§ Input material:
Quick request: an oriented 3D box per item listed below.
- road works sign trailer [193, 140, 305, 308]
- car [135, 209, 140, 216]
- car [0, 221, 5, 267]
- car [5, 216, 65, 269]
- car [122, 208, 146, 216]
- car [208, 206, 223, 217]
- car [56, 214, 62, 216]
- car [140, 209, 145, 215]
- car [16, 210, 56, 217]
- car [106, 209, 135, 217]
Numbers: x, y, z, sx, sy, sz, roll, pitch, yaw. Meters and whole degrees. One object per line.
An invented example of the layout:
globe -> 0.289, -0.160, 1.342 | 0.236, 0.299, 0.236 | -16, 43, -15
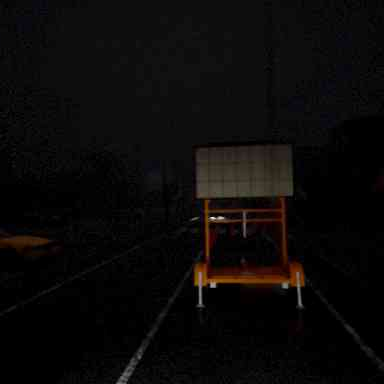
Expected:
road works sign trailer -> 1.285, 0.569, 8.178 | 2.380, 3.560, 2.880 | -1, -1, 6
car -> -13.361, 4.043, 65.536 | 4.892, 1.521, 2.231 | -1, -2, 7
car -> -8.209, 1.691, 9.393 | 4.553, 1.767, 2.185 | -1, -1, 7
car -> -7.637, 1.871, 12.259 | 5.366, 1.575, 1.946 | -1, -1, 7
car -> -12.524, 4.329, 71.897 | 4.674, 1.452, 2.002 | -1, -2, 7
car -> 4.025, 3.351, 54.332 | 1.994, 1.385, 4.181 | -1, -2, 7
car -> -17.010, 2.855, 38.191 | 4.553, 1.767, 2.185 | -1, -2, 7
car -> -12.944, 4.168, 68.780 | 5.008, 1.535, 2.097 | -1, -2, 7
car -> -17.349, 2.899, 35.035 | 4.674, 1.452, 2.002 | -1, -2, 7
car -> -13.791, 3.956, 62.289 | 4.674, 1.452, 2.002 | -1, -2, 7
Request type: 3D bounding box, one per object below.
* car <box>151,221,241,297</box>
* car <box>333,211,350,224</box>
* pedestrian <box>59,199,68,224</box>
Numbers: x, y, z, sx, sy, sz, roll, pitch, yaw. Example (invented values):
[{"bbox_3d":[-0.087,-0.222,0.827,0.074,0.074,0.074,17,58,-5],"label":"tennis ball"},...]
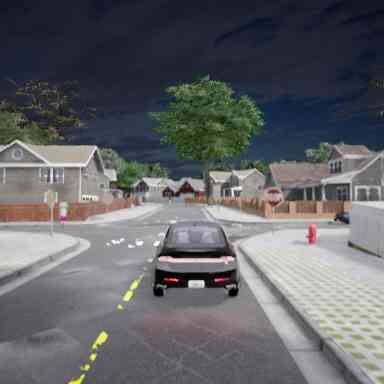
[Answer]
[{"bbox_3d":[0.080,1.500,8.598,2.128,1.511,4.902,0,0,0],"label":"car"},{"bbox_3d":[12.286,1.455,21.896,5.357,1.411,2.033,-1,-2,1],"label":"car"},{"bbox_3d":[-9.705,1.437,25.073,0.375,1.860,0.375,0,-1,1],"label":"pedestrian"}]
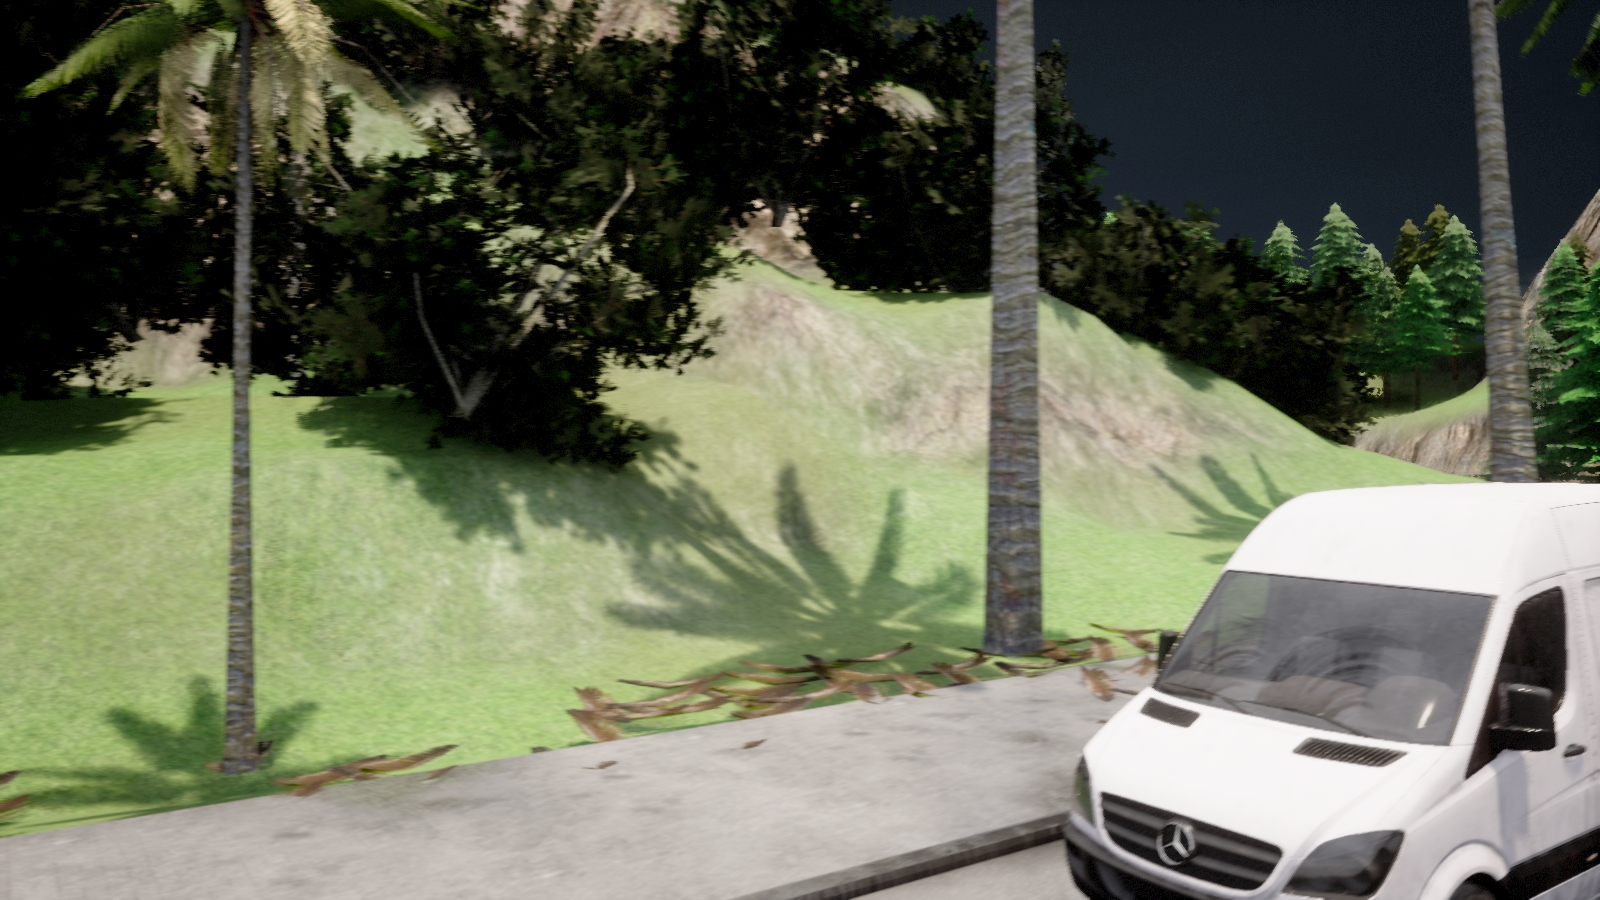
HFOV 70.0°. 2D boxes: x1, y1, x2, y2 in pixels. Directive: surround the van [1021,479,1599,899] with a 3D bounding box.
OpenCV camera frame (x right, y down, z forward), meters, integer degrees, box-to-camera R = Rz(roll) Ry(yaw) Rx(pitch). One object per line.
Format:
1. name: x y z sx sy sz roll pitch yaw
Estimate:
1. van: 4.247 1.534 7.357 5.915 2.561 1.988 0 0 -35
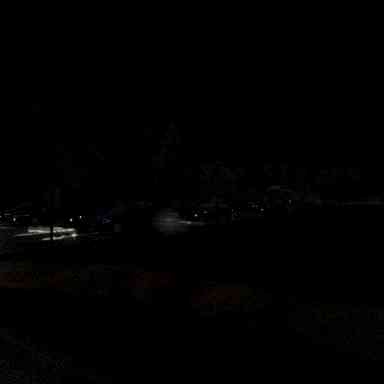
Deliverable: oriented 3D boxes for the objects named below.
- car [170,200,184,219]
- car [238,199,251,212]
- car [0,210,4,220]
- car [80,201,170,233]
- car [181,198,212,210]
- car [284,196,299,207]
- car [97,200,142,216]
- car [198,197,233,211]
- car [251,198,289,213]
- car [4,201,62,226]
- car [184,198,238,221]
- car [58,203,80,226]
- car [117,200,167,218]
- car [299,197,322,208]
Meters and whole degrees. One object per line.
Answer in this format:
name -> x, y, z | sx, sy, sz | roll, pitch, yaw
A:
car -> -1.112, 1.507, 29.525 | 1.837, 1.490, 4.892 | 0, 0, 36
car -> 5.442, 1.549, 38.526 | 2.033, 1.411, 5.357 | 0, 0, 36
car -> -12.357, 1.507, 25.965 | 1.837, 1.490, 4.892 | 0, 0, 36
car -> -3.829, 1.479, 19.836 | 1.882, 1.535, 5.008 | 0, 0, 36
car -> 0.602, 1.565, 43.762 | 1.994, 1.385, 4.181 | 0, 0, 36
car -> 15.217, 1.383, 51.796 | 2.097, 1.767, 4.553 | 0, 0, 36
car -> -7.136, 1.566, 33.143 | 1.994, 1.385, 4.181 | 0, 0, 36
car -> 2.993, 1.480, 41.103 | 1.882, 1.535, 5.008 | 0, 0, 36
car -> 8.741, 1.602, 37.104 | 1.895, 1.301, 4.718 | 0, 0, 36
car -> -9.950, 1.494, 23.326 | 2.128, 1.511, 4.902 | 0, 0, 36
car -> 1.675, 1.527, 27.379 | 1.812, 1.442, 4.674 | 0, 0, 36
car -> -6.356, 1.566, 22.319 | 1.994, 1.385, 4.181 | 0, 0, 36
car -> -4.491, 1.528, 30.805 | 1.812, 1.442, 4.674 | 0, 0, 36
car -> 18.030, 1.531, 49.712 | 1.812, 1.442, 4.674 | 0, 0, 36
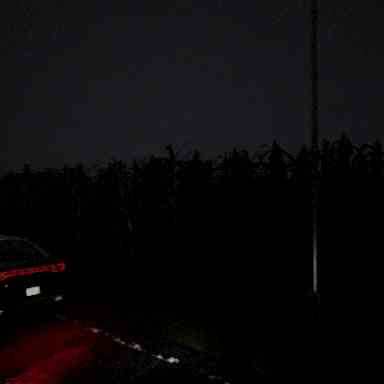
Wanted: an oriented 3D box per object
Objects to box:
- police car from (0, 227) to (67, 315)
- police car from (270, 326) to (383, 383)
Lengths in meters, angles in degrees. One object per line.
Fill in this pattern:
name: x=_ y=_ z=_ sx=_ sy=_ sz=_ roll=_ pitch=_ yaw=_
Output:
police car: x=-4.974 y=1.652 z=7.695 sx=5.238 sy=1.638 sz=1.930 roll=-1 pitch=-2 yaw=37
police car: x=2.975 y=1.516 z=1.631 sx=5.238 sy=1.638 sz=1.930 roll=-1 pitch=-2 yaw=37
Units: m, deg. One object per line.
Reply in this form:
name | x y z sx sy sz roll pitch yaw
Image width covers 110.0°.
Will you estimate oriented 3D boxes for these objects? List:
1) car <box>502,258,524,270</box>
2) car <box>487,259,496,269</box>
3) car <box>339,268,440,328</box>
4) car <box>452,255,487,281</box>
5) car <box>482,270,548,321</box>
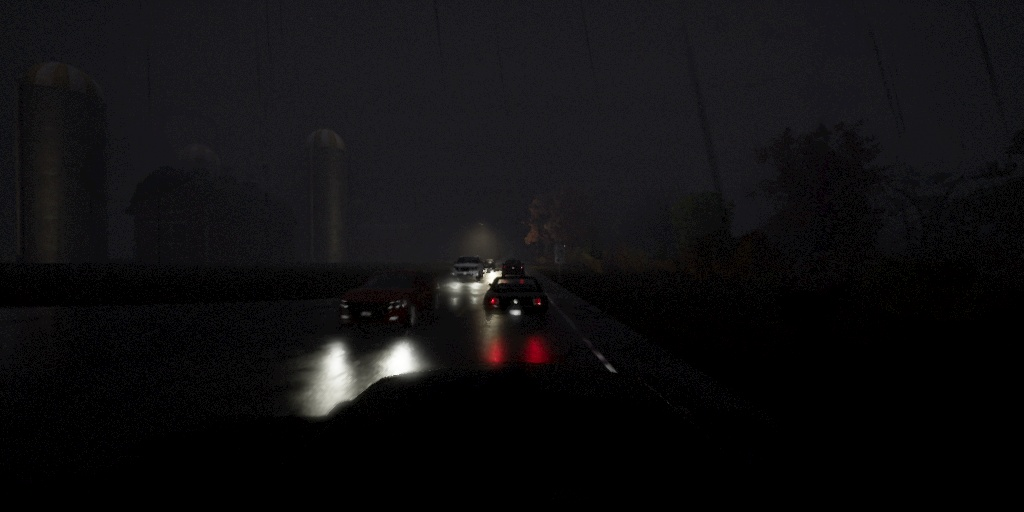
car | 0.102 1.092 34.365 2.097 1.767 4.553 0 0 0
car | -3.521 1.225 54.992 2.128 1.511 4.902 0 0 0
car | -3.584 1.163 11.333 1.882 1.535 5.008 1 0 0
car | -3.596 0.964 30.163 2.150 2.045 5.566 0 0 0
car | 0.114 1.341 12.476 1.895 1.301 4.718 0 0 0
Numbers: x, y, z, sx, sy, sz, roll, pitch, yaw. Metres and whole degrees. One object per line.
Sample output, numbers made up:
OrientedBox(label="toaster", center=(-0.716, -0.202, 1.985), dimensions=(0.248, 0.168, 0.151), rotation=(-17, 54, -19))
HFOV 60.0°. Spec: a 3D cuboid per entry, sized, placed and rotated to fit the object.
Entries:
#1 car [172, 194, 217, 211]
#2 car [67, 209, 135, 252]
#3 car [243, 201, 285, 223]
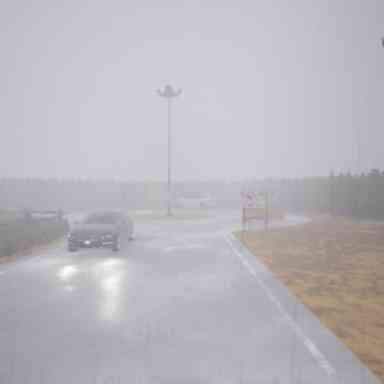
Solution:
OrientedBox(label="car", center=(0.304, 1.213, 40.976), dimensions=(5.566, 2.045, 2.150), rotation=(0, -1, 23))
OrientedBox(label="car", center=(-3.603, 1.509, 13.898), dimensions=(1.837, 1.490, 4.892), rotation=(0, -1, 0))
OrientedBox(label="car", center=(5.705, 1.465, 25.964), dimensions=(1.882, 1.535, 5.008), rotation=(0, 0, 35))
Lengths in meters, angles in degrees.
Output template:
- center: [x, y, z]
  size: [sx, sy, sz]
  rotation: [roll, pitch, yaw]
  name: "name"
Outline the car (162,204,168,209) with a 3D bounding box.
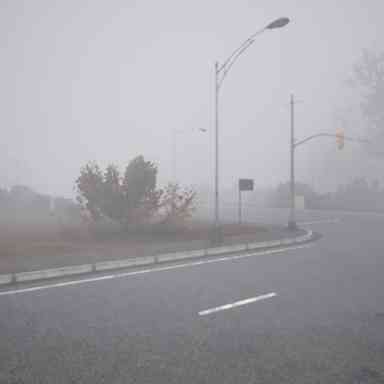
- center: [-4.747, 1.518, 43.702]
  size: [1.994, 1.385, 4.181]
  rotation: [0, 0, -38]
  name: "car"
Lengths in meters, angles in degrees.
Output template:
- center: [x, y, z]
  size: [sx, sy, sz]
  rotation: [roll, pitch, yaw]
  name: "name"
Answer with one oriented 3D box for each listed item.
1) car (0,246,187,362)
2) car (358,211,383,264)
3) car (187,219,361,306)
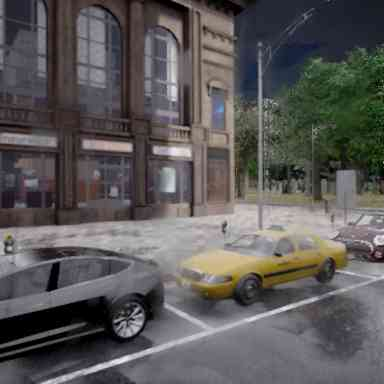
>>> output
- center: [-2.443, 1.563, 4.907]
  size: [4.313, 1.339, 1.947]
  rotation: [0, 0, -35]
  name: "car"
- center: [6.412, 1.400, 11.219]
  size: [4.097, 1.590, 1.967]
  rotation: [0, 0, -35]
  name: "car"
- center: [1.847, 1.504, 7.964]
  size: [4.829, 1.417, 1.752]
  rotation: [0, 0, -35]
  name: "car"
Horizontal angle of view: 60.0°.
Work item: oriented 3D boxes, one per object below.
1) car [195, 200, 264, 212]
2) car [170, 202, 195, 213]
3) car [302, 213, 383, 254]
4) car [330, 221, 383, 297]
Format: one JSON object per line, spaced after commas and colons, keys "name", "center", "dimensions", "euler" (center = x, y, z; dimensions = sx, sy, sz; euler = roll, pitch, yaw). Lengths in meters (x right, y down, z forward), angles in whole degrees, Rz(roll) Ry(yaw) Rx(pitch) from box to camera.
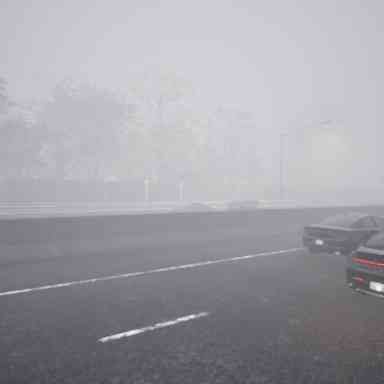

§ How to complete this task:
From the records above, copy each line in which the string "forward" occurs.

§ Written response:
OpenCV camera frame (x right, y down, z forward), meters, integer degrees, box-to-camera R = Rz(roll) Ry(yaw) Rx(pitch). One object per line.
Format: one JSON object per line, spaced after commas and colons, keys "name", "center", "dimensions", "euler" (center = x, y, z; dimensions = sx, sy, sz; euler = roll, pitch, yaw). Lengths in meters (x right, y down, z forward), angles in whole degrees, Rz(roll) Ry(yaw) Rx(pitch) from box to camera.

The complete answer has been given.